Background information
- Also known as: Maven
- Born: Ryan Curtis Clark June 23, 1979 (age 47) Woody, California, U.S.
- Genres: Christian metal; metalcore; alternative metal; nu metal; hardcore punk; groove metal;
- Occupations: Singer, musician, graphic designer
- Instruments: Vocals, guitar
- Years active: 1992–present

= Ryan Clark (musician) =

American musician (born 1979)

Ryan Curtis Clark (born June 23, 1979) is an American musician who also has performed under the stage name Maven. He is best known as the lead vocalist of the Christian metal band Demon Hunter, which he co-founded with his brother, guitarist Don Clark. He was also the frontman for Christian metalcore band Training for Utopia along with being one of the guitarists for Focal Point. He is featured on Zao's The Lesser Lights of Heaven DVD and Mark Salomon's podcast, Never Was.

== History ==

Before Demon Hunter, Clark was a guitarist for the short-lived Sacramento/Elk Grove, California-based hardcore punk band Focal Point. Focal Point started in 1995 with the lineup of Clark, Robbie Imrisek (Vocals), Danny Dinh (Guitar), Kyle Brown (Bass), and Robert Torres (Drums). The band released a 7-inch via Life Sentence Records titled Neglected and a Studio album via Tooth and Nail Records.

Clark, then known as Maven, was the second vocalist for Training for Utopia. Don formed the band with the Rob Dennler (vocals), Steve Saxby (bass) and Morley Boyer (drums). Dennler left the band in 1996 and Clark joined the band. The band released an EP, a Split EP, and two studio albums.

He and his brother formed Demon Hunter in 2000 and released their debut album late the following year through Solid State Records. The group would continue to steadily gain exposure throughout the 2000s.

His grandfather, an artist, helped inspire his grandsons' work in graphic design, which is their true day job. Ryan and Don founded Seattle-based Asterik Studio with their friend Demetre Arges in 2000. The design studio has created CD packaging, poster art, web design, and/or merchandise design for hundreds of artists including Liz Phair, P.O.D., and The White Stripes; however, Clark also notes that he is not a fine artist and that such work is typically outsourced.
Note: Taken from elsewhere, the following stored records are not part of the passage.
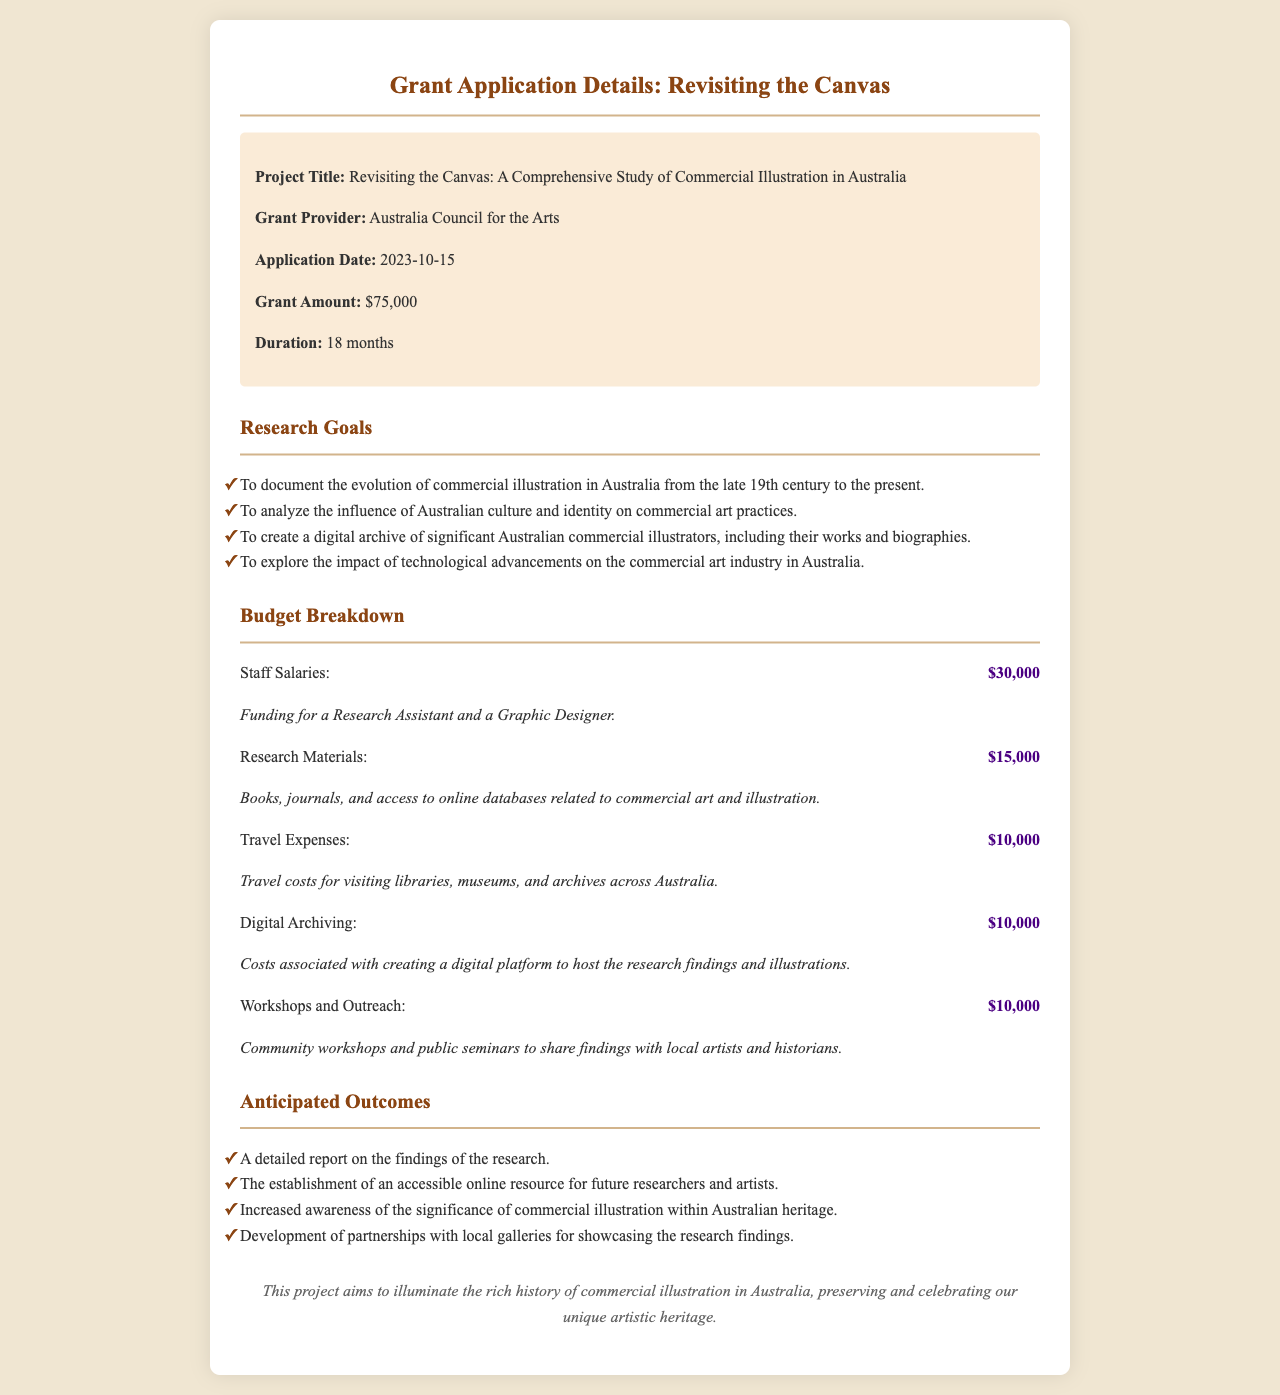What is the project title? The project title is explicitly mentioned in the document as "Revisiting the Canvas: A Comprehensive Study of Commercial Illustration in Australia."
Answer: Revisiting the Canvas: A Comprehensive Study of Commercial Illustration in Australia Who is the grant provider? The grant provider's name is specified in the document as the organization funding the project.
Answer: Australia Council for the Arts What is the total grant amount? The total grant amount is stated in the document as $75,000.
Answer: $75,000 How long is the project duration? The duration of the project is given in the document as 18 months.
Answer: 18 months What is the budget for research materials? The budget allocation for research materials is detailed in the budget breakdown section of the document.
Answer: $15,000 What are the anticipated outcomes? The anticipated outcomes section lists the expected results from the research, which includes awareness of commercial illustration significance.
Answer: Increased awareness of the significance of commercial illustration within Australian heritage What is one goal of the research? One goal of the research is provided in the document, focusing on the evolution of a specific art form in Australia.
Answer: To document the evolution of commercial illustration in Australia from the late 19th century to the present How much is allocated for travel expenses? The document specifies the funding allocated for travel expenses as part of the project's budget.
Answer: $10,000 What type of outreach is planned for the project? The document mentions the form of outreach activities planned to engage the community with the project's findings.
Answer: Community workshops and public seminars

Based on their design experience, Don and Ryan authored a chapter in the book New Masters of Photoshop, Volume 2 (ISBN 1590593154). In 2007, the brothers had announced that they were leaving Asterik to start Invisible Creature, an illustration and graphic design studio. Ryan Clark is also art director of Solid State Records and its parent Tooth & Nail Records.

He has twice been nominated for a Grammy Award for his design work on Norma Jean's O God, the Aftermath and Fair's album The Best Worst-Case Scenario.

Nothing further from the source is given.